> _PROBLEM REQUIREMENTS_:
The output must be exactly the lines from the "(-15, 44, -1))" line through the end of the listing below, with no picture included.
INPUT FOR THIS TASK START
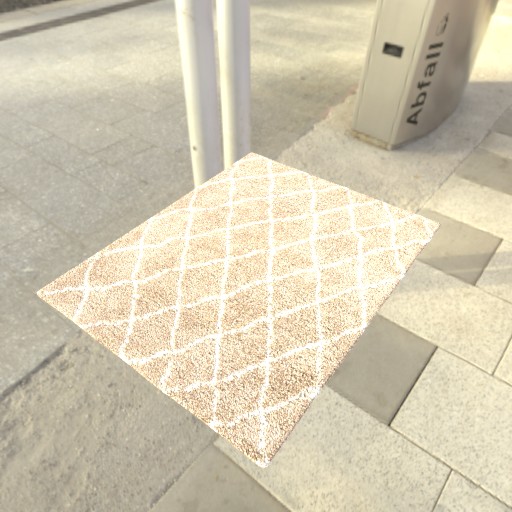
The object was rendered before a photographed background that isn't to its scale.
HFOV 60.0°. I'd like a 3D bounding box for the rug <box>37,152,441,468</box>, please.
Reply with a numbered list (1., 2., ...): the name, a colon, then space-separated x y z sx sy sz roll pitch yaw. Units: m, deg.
1. rug: 0.000 0.000 4.157 2.438 0.029 3.047 27 49 27
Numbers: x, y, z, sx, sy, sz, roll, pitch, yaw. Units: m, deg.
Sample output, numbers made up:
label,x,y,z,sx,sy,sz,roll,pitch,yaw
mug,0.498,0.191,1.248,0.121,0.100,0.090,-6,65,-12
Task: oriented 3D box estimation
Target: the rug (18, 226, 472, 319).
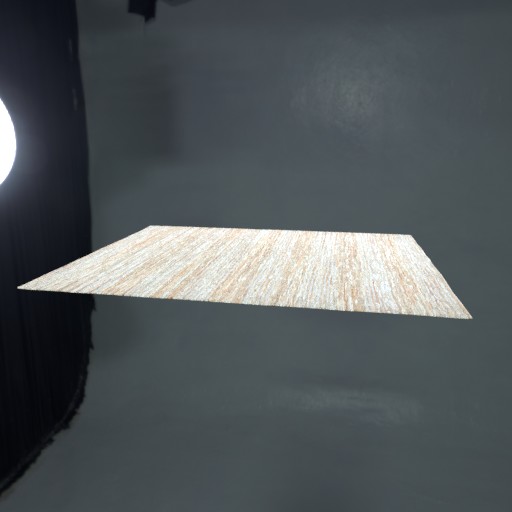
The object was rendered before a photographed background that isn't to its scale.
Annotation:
label,x,y,z,sx,sy,sz,roll,pitch,yaw
rug,0.000,0.000,3.864,2.939,0.009,2.313,3,15,10
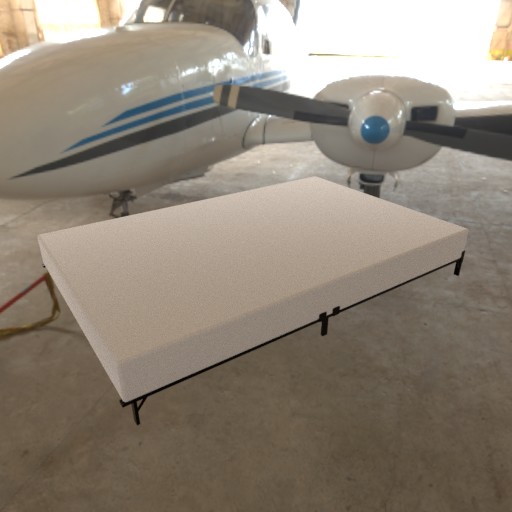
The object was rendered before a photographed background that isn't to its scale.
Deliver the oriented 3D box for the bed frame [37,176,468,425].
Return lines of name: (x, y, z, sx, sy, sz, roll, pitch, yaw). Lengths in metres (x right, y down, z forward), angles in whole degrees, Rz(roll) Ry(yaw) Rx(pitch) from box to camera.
bed frame: (0.000, 0.000, 3.711, 2.987, 0.440, 1.930, -17, 31, -31)
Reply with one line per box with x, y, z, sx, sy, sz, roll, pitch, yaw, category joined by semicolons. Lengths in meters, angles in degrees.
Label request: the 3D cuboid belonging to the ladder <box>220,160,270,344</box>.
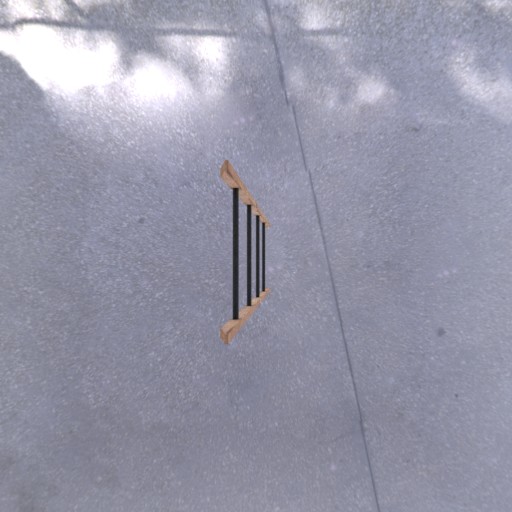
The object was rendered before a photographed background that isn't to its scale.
0.000;0.000;1.950;0.200;1.805;0.442;0;89;-1;ladder
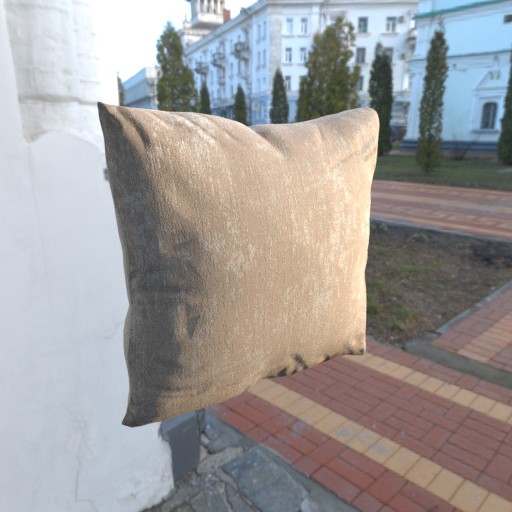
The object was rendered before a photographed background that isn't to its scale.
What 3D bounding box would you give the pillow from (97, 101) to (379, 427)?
[{"bbox_3d":[0.000,0.000,0.691,0.450,0.448,0.245,-9,18,-27],"label":"pillow"}]
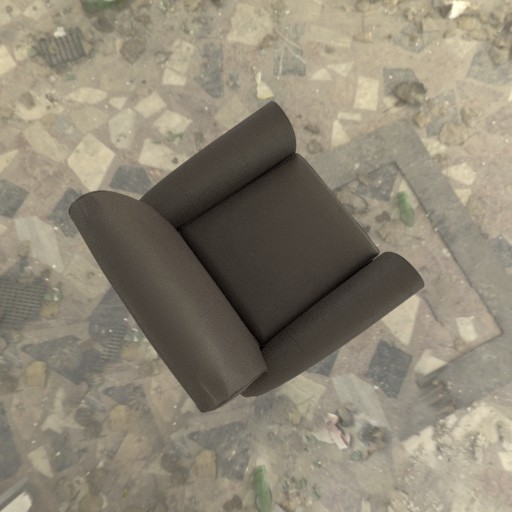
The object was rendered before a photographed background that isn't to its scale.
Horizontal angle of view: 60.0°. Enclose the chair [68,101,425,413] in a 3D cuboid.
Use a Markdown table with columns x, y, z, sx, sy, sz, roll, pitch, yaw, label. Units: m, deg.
| x | y | z | sx | sy | sz | roll | pitch | yaw | label |
| --- | --- | --- | --- | --- | --- | --- | --- | --- | --- |
| 0.000 | 0.000 | 1.779 | 0.902 | 1.061 | 0.978 | -35 | 79 | -8 | chair |
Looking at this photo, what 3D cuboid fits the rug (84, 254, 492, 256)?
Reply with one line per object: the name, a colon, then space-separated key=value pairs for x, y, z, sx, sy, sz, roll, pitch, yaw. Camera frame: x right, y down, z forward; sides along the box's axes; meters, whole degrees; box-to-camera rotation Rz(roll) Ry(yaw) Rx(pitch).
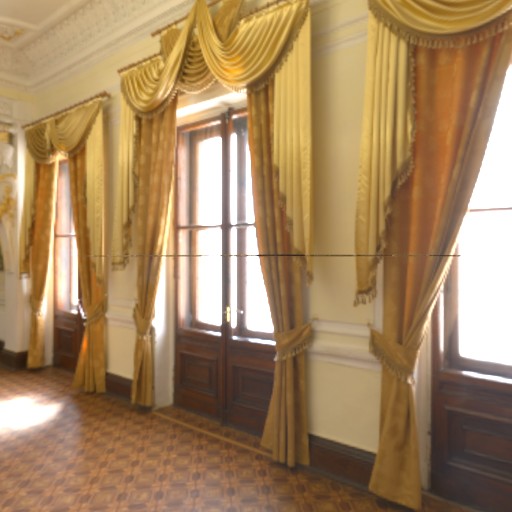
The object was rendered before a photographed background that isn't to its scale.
rug: x=0.000 y=0.000 z=2.881 sx=1.521 sy=0.006 sz=2.284 roll=0 pitch=0 yaw=-37
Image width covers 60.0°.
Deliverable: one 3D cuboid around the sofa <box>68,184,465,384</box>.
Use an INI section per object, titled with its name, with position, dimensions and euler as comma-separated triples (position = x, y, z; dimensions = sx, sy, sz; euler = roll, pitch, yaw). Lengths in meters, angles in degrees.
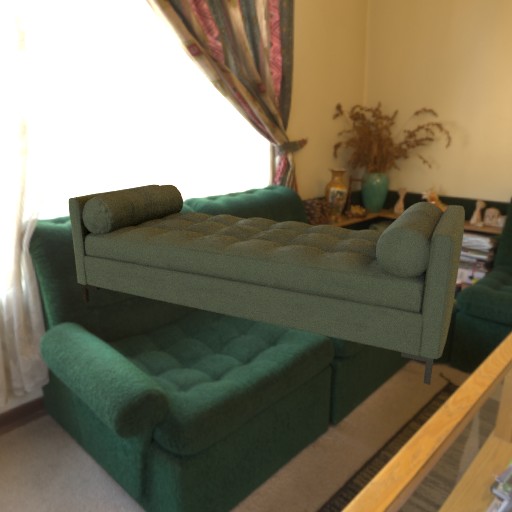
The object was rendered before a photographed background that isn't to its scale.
[sofa]
position = 0.000, 0.000, 2.566
dimensions = 2.130, 0.681, 0.817
euler = 8, 18, 26
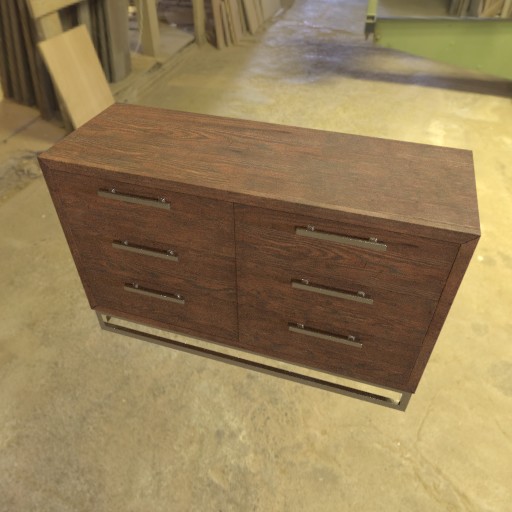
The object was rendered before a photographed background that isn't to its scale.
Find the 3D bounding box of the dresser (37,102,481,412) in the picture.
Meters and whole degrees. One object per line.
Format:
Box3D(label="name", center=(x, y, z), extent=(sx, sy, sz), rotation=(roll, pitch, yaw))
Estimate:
Box3D(label="dresser", center=(0.000, 0.000, 2.112), extent=(1.646, 1.061, 0.623), rotation=(12, 42, 13))
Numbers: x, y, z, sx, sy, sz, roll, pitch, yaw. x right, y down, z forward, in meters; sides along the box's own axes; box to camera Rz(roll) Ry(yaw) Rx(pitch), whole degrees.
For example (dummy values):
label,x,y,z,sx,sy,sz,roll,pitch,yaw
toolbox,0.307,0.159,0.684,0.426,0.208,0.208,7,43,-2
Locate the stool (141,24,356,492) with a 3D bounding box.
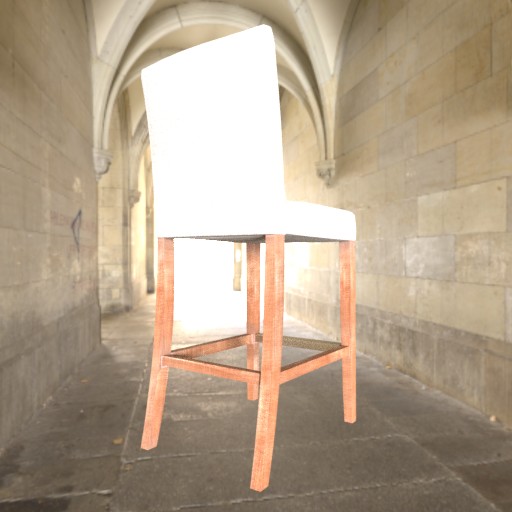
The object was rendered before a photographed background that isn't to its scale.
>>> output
label,x,y,z,sx,sy,sz,roll,pitch,yaw
stool,0.000,0.000,1.360,0.439,1.088,0.570,0,0,35
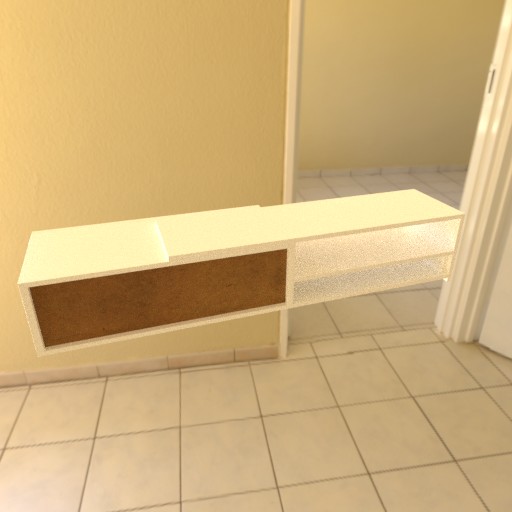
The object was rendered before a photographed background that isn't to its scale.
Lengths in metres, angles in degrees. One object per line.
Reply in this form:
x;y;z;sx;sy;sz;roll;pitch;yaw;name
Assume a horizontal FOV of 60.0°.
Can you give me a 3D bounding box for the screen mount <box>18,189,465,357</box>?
0.000;0.000;1.835;1.680;0.320;0.420;-9;28;-17;screen mount
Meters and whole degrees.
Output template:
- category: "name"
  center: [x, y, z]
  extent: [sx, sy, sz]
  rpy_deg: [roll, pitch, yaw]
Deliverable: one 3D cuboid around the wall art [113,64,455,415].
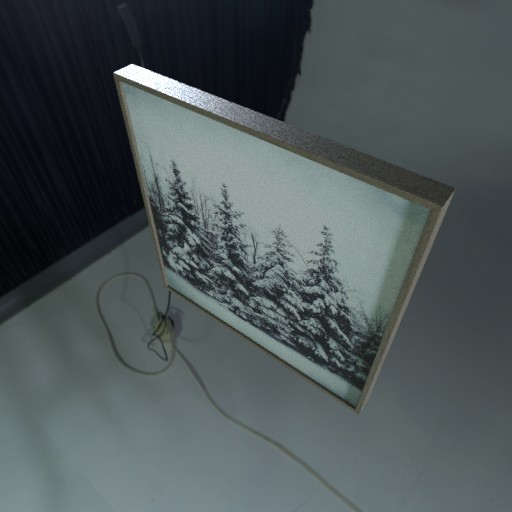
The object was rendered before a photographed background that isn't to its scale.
- category: "wall art"
  center: [0.000, 0.000, 0.753]
  extent: [0.507, 0.507, 0.037]
  rpy_deg: [29, 53, 24]
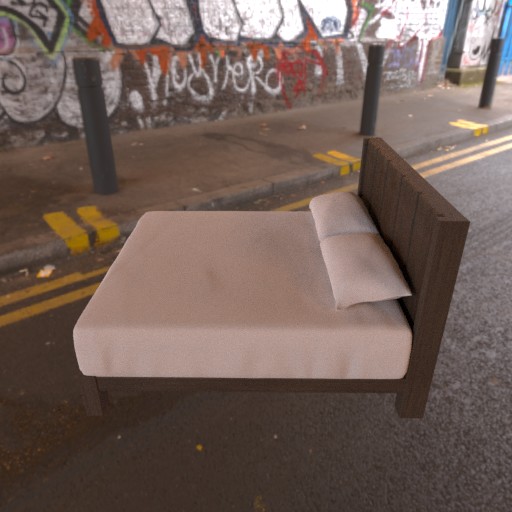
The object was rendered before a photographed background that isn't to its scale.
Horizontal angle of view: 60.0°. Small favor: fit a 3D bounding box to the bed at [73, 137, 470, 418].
[{"bbox_3d":[0.000,0.000,3.098,1.992,1.261,1.735,0,27,1],"label":"bed"}]
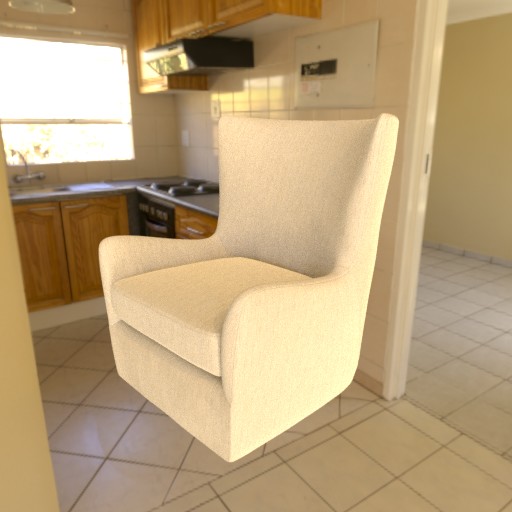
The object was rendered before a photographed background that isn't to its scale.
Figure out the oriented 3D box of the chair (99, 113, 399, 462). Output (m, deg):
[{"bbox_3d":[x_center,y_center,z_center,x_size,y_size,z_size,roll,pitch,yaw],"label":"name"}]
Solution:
[{"bbox_3d":[0.000,0.000,1.634,0.904,1.000,0.779,-16,23,-42],"label":"chair"}]
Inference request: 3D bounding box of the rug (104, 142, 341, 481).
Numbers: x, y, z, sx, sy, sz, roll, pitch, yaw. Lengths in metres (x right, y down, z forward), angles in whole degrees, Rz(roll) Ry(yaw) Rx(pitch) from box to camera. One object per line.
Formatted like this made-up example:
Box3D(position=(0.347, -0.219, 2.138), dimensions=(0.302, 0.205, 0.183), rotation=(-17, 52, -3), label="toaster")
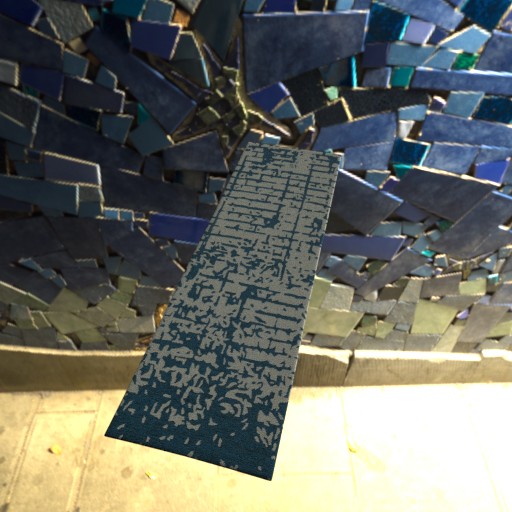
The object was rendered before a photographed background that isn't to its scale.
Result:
Box3D(position=(0.000, 0.000, 2.683), dimensions=(0.750, 0.011, 2.435), rotation=(10, 47, 10), label="rug")
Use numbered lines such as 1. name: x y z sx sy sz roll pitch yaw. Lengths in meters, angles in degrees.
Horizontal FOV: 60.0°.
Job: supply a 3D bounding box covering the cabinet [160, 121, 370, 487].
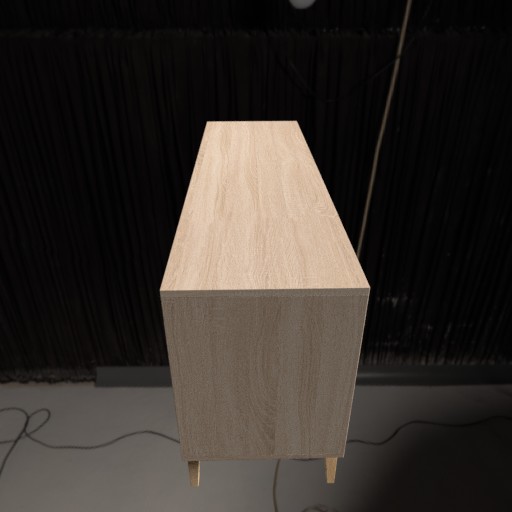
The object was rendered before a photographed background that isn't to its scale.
1. cabinet: 0.000 0.000 1.960 0.500 0.780 1.649 -1 30 -1
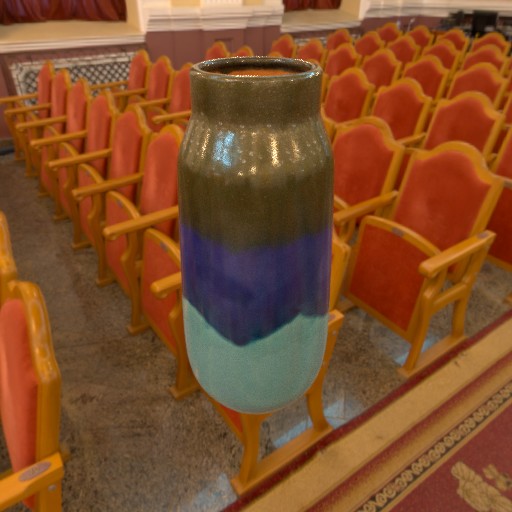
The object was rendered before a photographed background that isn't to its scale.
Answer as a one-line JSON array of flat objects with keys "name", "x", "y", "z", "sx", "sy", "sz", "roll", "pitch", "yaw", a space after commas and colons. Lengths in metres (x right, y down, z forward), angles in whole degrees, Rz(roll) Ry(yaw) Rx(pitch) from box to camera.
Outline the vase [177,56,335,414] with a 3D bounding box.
[{"name": "vase", "x": 0.000, "y": 0.000, "z": 0.391, "sx": 0.139, "sy": 0.313, "sz": 0.139, "roll": 0, "pitch": 32, "yaw": 0}]
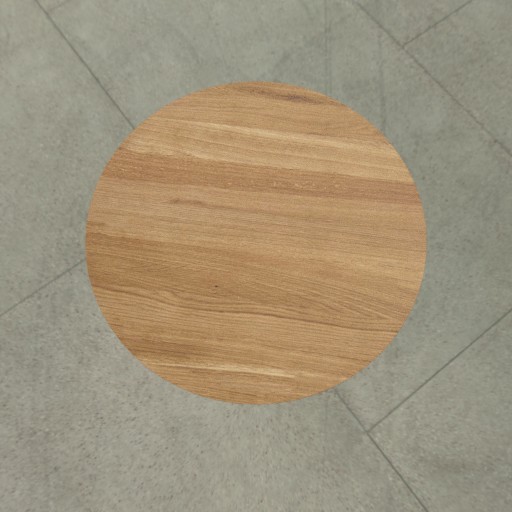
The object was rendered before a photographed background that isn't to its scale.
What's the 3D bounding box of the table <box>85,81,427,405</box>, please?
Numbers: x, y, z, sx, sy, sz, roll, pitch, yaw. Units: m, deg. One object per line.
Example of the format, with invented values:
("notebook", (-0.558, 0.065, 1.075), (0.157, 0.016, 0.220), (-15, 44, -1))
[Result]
("table", (0.000, 0.000, 1.673), (1.038, 0.666, 1.038), (0, 74, 0))
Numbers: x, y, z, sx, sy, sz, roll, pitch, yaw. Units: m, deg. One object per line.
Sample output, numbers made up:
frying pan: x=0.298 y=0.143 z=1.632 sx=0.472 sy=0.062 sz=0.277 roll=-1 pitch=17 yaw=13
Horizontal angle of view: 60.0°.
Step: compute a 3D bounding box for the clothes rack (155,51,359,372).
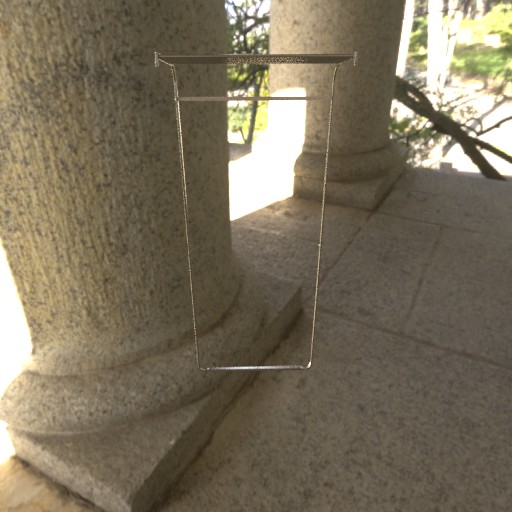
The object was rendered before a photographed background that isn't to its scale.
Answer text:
clothes rack: x=0.000 y=0.000 z=1.843 sx=0.609 sy=1.574 sz=0.349 roll=-1 pitch=29 yaw=-1
INPUT FOR THIS TASK END
> _SOLUTION FOR THIS PROBLEM_:
("notebook", (-0.558, 0.065, 1.075), (0.157, 0.016, 0.220), (-15, 44, -1))
[Result]
("table", (0.000, 0.000, 1.673), (1.038, 0.666, 1.038), (0, 74, 0))
Numbers: x, y, z, sx, sy, sz, roll, pitch, yaw. Units: m, deg. One object per line.
Sample output, numbers made up:
frying pan: x=0.298 y=0.143 z=1.632 sx=0.472 sy=0.062 sz=0.277 roll=-1 pitch=17 yaw=13
Horizontal angle of view: 60.0°.
Step: compute a 3D bounding box for the clothes rack (155,51,359,372).
The object was rendered before a photographed background that isn't to its scale.
Answer text:
clothes rack: x=0.000 y=0.000 z=1.843 sx=0.609 sy=1.574 sz=0.349 roll=-1 pitch=29 yaw=-1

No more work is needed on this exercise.